Three of our single family rentals came due for their contract renewals.

For the first time in several years we did not increase the rent on any of the houses involved.

As the demand for rentals has dramatically eased off and the number of houses available for sale has increased. Home prices have dropped by at least 10%.

Jobs are still plentiful here, but most are low paying ( under 35 dollars an hour ). Suspect many people are moving in with family or friends to save money.

Without a significant drop in interest rates the real estate market is about to get crushed. Surprised it has taken this long.

In no world except California, NYC and maybe Chicago is $35/hr low paying.


How much house can one purchase with an income of 35 dollars an hour and mortgage rates of 6.5% ?

I have no idea. That's $72k a year so around $1,700/mo which should fall somewhere in the mid $200k range which is very doable in my area.

That's said the majority of households are dual income so around $3500/mo which will get you in the low to mid 400k

The key thing you said was "in your area".

Younger generations won't move somewhere for a job or for better economics. They want to live where they want to live. My daughter lives in Boston. He fiance will not move from Boston. You need some serious bank to buy in Cambridge or Lexington.


Sure. Ok. Whose problem is that? They can either sit online and ***** or they can move. I can tell you which one is productive and which one isn't.


The "just move" option is not always an option. Especially right now with the job market the way it is. It can take a lot of money to move. If you are meaning just move small areas like from Hewitt to Waco that is different.

There is a reason that you have traffic jams between 6-9 AM and 4-7 PM. People that are driving from where they can afford their preferred lifestyle to their jobs that pay for them. Everything has a cost. You can find good neighborhoods and nice bedroom communities, but you will drive. Or, you will pay to live in the Urban core.

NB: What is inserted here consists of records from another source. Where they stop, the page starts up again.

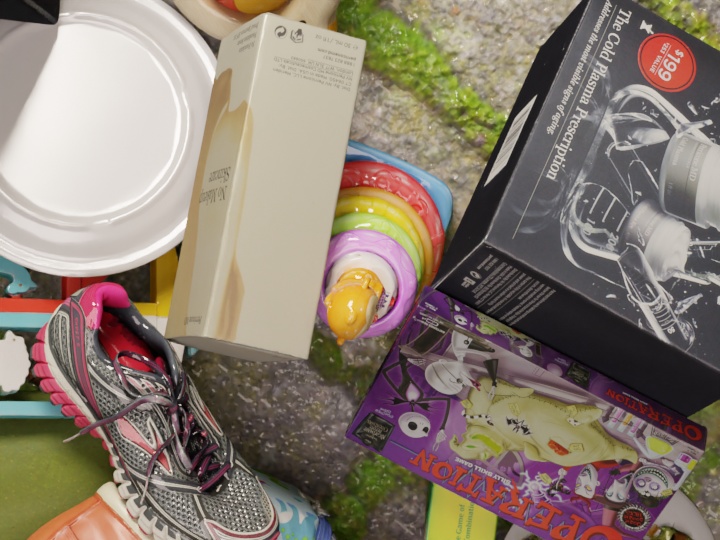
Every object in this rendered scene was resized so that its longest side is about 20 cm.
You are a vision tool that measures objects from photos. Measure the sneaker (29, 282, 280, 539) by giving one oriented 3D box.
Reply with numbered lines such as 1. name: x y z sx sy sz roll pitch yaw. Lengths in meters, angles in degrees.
1. sneaker: -0.123 0.098 1.194 0.200 0.081 0.075 48 135 1

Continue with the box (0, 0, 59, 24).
1. box: -0.242 -0.259 1.134 0.122 0.200 0.200 5 90 1

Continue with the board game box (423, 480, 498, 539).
1. board game box: 0.076 0.093 1.298 0.047 0.102 0.202 6 107 2

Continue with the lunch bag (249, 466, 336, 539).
1. lunch bag: -0.094 0.234 1.306 0.082 0.161 0.201 27 88 -12

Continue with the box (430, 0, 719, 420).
1. box: 0.172 -0.041 1.203 0.181 0.104 0.201 28 66 -7

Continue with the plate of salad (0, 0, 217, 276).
1. plate of salad: -0.182 -0.093 1.254 0.198 0.048 0.202 2 77 -9

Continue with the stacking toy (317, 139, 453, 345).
1. stacking toy: 0.000 0.000 1.222 0.109 0.200 0.117 24 105 -6

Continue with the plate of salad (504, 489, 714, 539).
1. plate of salad: 0.176 0.234 1.322 0.199 0.048 0.202 0 89 -27

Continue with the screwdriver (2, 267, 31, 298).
1. screwdriver: -0.227 0.009 1.276 0.028 0.029 0.201 37 74 -13

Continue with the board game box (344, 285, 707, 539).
1. board game box: 0.102 0.103 1.214 0.199 0.032 0.120 26 128 -2

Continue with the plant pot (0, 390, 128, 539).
1. plant pot: -0.229 0.154 1.300 0.188 0.200 0.202 -8 106 -8

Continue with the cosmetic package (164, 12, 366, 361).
1. cosmetic package: -0.061 -0.048 1.197 0.071 0.105 0.202 13 81 -18

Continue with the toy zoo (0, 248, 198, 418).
1. toy zoo: -0.191 0.031 1.256 0.198 0.020 0.132 2 79 -20

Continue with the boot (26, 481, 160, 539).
1. boot: -0.128 0.225 1.193 0.107 0.075 0.200 -40 79 -14

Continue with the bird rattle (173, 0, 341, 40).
1. bird rattle: -0.076 -0.215 1.220 0.198 0.113 0.164 5 123 4
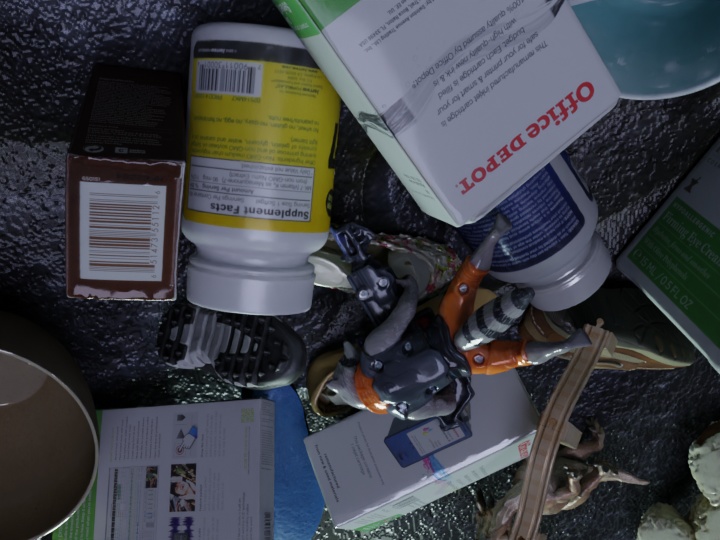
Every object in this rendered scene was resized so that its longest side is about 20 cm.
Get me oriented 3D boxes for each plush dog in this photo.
[{"bbox_3d":[0.429,0.271,0.970,0.172,0.160,0.200,-1,123,-41],"label":"plush dog"}]

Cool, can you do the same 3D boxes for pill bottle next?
[{"bbox_3d":[0.127,-0.061,0.735,0.111,0.111,0.200,-36,118,8],"label":"pill bottle"},{"bbox_3d":[-0.075,-0.074,0.655,0.114,0.114,0.200,4,98,-13],"label":"pill bottle"}]

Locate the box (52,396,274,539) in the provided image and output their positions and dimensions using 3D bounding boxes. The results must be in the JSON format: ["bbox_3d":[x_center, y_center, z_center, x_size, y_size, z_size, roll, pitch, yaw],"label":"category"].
[{"bbox_3d":[-0.171,0.189,0.763,0.200,0.145,0.036,-6,162,15],"label":"box"}]

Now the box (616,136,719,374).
[{"bbox_3d":[0.381,0.015,0.777,0.200,0.199,0.171,30,108,-24],"label":"box"}]

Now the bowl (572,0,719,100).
[{"bbox_3d":[0.213,-0.237,0.639,0.200,0.105,0.201,14,129,18],"label":"bowl"}]

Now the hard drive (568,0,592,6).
[{"bbox_3d":[0.084,-0.238,0.618,0.200,0.027,0.132,-5,123,32],"label":"hard drive"}]

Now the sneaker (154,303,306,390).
[{"bbox_3d":[-0.089,0.064,0.733,0.090,0.200,0.067,19,79,-36],"label":"sneaker"}]

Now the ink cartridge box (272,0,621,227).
[{"bbox_3d":[0.052,-0.151,0.579,0.146,0.084,0.200,-38,108,-5],"label":"ink cartridge box"}]

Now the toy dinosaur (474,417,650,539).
[{"bbox_3d":[0.196,0.230,0.925,0.200,0.086,0.136,0,126,-26],"label":"toy dinosaur"}]

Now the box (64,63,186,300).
[{"bbox_3d":[-0.161,-0.068,0.622,0.075,0.200,0.100,2,118,-15],"label":"box"}]

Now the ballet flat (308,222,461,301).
[{"bbox_3d":[0.000,0.000,0.770,0.200,0.064,0.076,9,116,-16],"label":"ballet flat"}]

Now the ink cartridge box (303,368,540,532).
[{"bbox_3d":[0.066,0.162,0.819,0.200,0.088,0.145,-24,159,4],"label":"ink cartridge box"}]

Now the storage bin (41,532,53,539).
[{"bbox_3d":[-0.226,0.312,0.855,0.134,0.146,0.200,-5,119,2],"label":"storage bin"}]

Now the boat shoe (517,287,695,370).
[{"bbox_3d":[0.235,0.059,0.851,0.200,0.076,0.074,17,142,-28],"label":"boat shoe"}]

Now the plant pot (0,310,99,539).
[{"bbox_3d":[-0.312,0.110,0.723,0.200,0.135,0.201,-5,118,-9],"label":"plant pot"}]

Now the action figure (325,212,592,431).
[{"bbox_3d":[0.047,0.038,0.685,0.193,0.105,0.200,-36,95,21],"label":"action figure"}]

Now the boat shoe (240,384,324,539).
[{"bbox_3d":[-0.075,0.175,0.849,0.084,0.069,0.200,-8,114,-22],"label":"boat shoe"}]

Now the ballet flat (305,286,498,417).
[{"bbox_3d":[0.039,0.081,0.797,0.200,0.063,0.069,-28,117,19],"label":"ballet flat"}]

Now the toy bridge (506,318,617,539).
[{"bbox_3d":[0.165,0.132,0.730,0.067,0.027,0.200,37,73,-61],"label":"toy bridge"}]

Ever hear the term "Drive until you qualify"? Generations have made this choice going back to the 50's and 60's. Now, the current generation doesn't want to do it, so the Government has to help? Change the whole thing. All those "Boomers" that bought wisely, improved their property and stay for 20 years now they are supposed to just walk away with little profit. Nevermind many are counting on that for retirement.


No one is saying that the government has to help. Or at least I am not.

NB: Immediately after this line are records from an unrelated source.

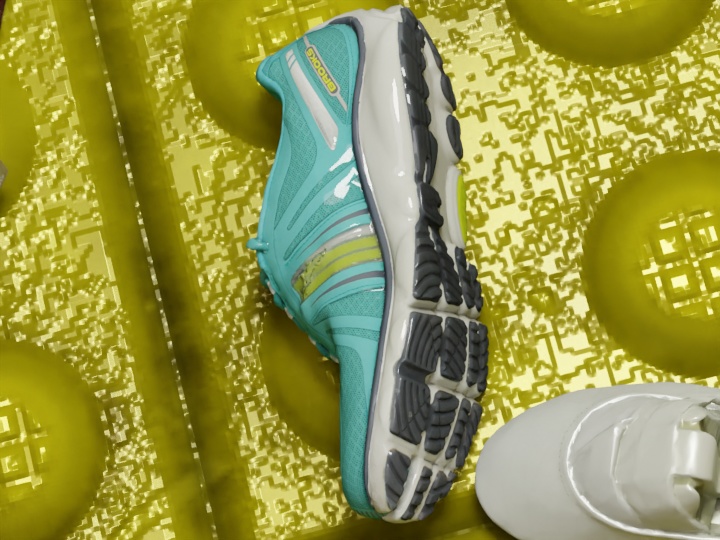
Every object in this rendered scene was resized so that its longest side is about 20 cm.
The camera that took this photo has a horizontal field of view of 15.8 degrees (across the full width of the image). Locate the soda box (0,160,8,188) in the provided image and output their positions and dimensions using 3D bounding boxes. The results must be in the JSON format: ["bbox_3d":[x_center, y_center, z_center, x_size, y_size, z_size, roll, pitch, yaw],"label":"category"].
[{"bbox_3d":[-0.202,0.031,0.956,0.064,0.068,0.201,20,77,11],"label":"soda box"}]

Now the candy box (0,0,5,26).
[{"bbox_3d":[-0.232,-0.163,1.036,0.199,0.056,0.117,9,74,6],"label":"candy box"}]

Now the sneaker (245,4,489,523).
[{"bbox_3d":[0.000,0.000,0.972,0.079,0.077,0.201,-13,67,21],"label":"sneaker"}]

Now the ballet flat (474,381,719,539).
[{"bbox_3d":[0.140,0.072,0.931,0.199,0.069,0.070,6,74,7],"label":"ballet flat"}]
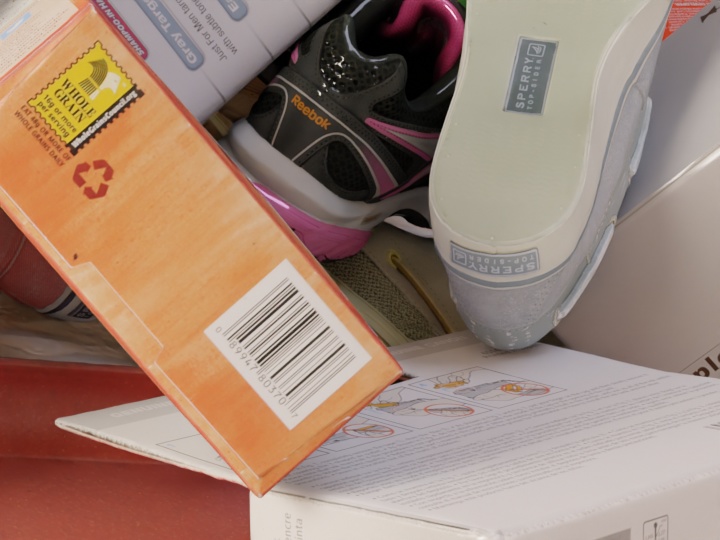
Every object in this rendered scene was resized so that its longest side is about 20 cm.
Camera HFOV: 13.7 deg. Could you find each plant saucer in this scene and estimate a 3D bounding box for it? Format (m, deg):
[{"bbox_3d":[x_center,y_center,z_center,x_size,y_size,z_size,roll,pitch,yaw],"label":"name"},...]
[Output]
[{"bbox_3d":[-0.060,0.095,0.875,0.200,0.037,0.200,6,29,-32],"label":"plant saucer"}]

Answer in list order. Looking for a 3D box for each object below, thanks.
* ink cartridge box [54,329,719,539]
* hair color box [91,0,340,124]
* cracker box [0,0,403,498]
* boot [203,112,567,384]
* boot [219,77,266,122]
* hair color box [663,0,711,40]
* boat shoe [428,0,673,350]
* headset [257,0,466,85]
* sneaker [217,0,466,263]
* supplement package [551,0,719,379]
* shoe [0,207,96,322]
[{"bbox_3d":[0.038,0.064,0.913,0.176,0.045,0.200,9,14,42],"label":"ink cartridge box"},{"bbox_3d":[-0.051,-0.123,1.049,0.200,0.061,0.099,-44,102,-30],"label":"hair color box"},{"bbox_3d":[-0.067,-0.023,0.883,0.134,0.058,0.200,50,-2,-16],"label":"cracker box"},{"bbox_3d":[0.000,0.000,1.134,0.155,0.072,0.200,-1,39,-49],"label":"boot"},{"bbox_3d":[-0.075,-0.088,1.276,0.200,0.072,0.166,34,15,11],"label":"boot"},{"bbox_3d":[0.152,-0.053,1.363,0.064,0.111,0.200,-4,33,-27],"label":"hair color box"},{"bbox_3d":[0.065,-0.057,1.039,0.070,0.072,0.201,10,48,12],"label":"boat shoe"},{"bbox_3d":[-0.021,-0.126,1.178,0.200,0.124,0.094,-19,59,-33],"label":"headset"},{"bbox_3d":[0.020,-0.064,1.090,0.080,0.086,0.200,36,22,6],"label":"sneaker"},{"bbox_3d":[0.161,0.018,1.111,0.200,0.120,0.121,47,16,-19],"label":"supplement package"},{"bbox_3d":[-0.146,-0.060,1.102,0.091,0.072,0.200,21,26,-30],"label":"shoe"}]

But your post highlights the problem. Boomers were able to buy a home in nice neighborhoods on one salary. Not even upscale areas but at least safe, good schools, etc.

Now one salary only seems to be able to buy homes in not good areas. Unless that one salary is very high.


One salary???? Ever hear of latch key kids, that was the boomers. My wife and I both worked our whole lives. She didn't want to be her Silent Generation mom, whose advice to her was her a career and don't give it up. Her mom was a farm wife.

She became a BSN nurse. Had kids, she worked nights for ten years, soon was home when they got home. They told me I needed a masters, I got one. Said you need Ops experience took a job in Ops in the Panhandle Needed experience, enlisted. Used a VA mortgage, zero down.

Now you want my house at cost? Pay your own dues...



Yes the example given that I replied to was done on one salary.

Your anecdotal evidence does not disprove the facts that have been presented in this entire thread.

No one wants your house. Young people are paying their dues but even once they do they are still behind the curve because the cost of everything has skyrocketed while pay has stayed relatively steady or slowly grown and all the things that older people did cannot be done the same way


I beg to differ, the expectations of what they believe they should have is much different. Fly sometime, look around at the number of kids. They are paying full ticket for each. Ask how often they eat out. Look at the cars. Go to a gym, $79 a month. Pilates $199. Sorry, what I see is a different expectation for what they believe they should have. Went out with son, watched 20 something/30 something order rounds. Commented how much a night out would cost them, dropping $300 at a bar or concert without a thought and complained about not being able to afford a house? Concerts look around in a stadium who is there. How much is a smart phone bill? Streaming? There is alot of spending going on.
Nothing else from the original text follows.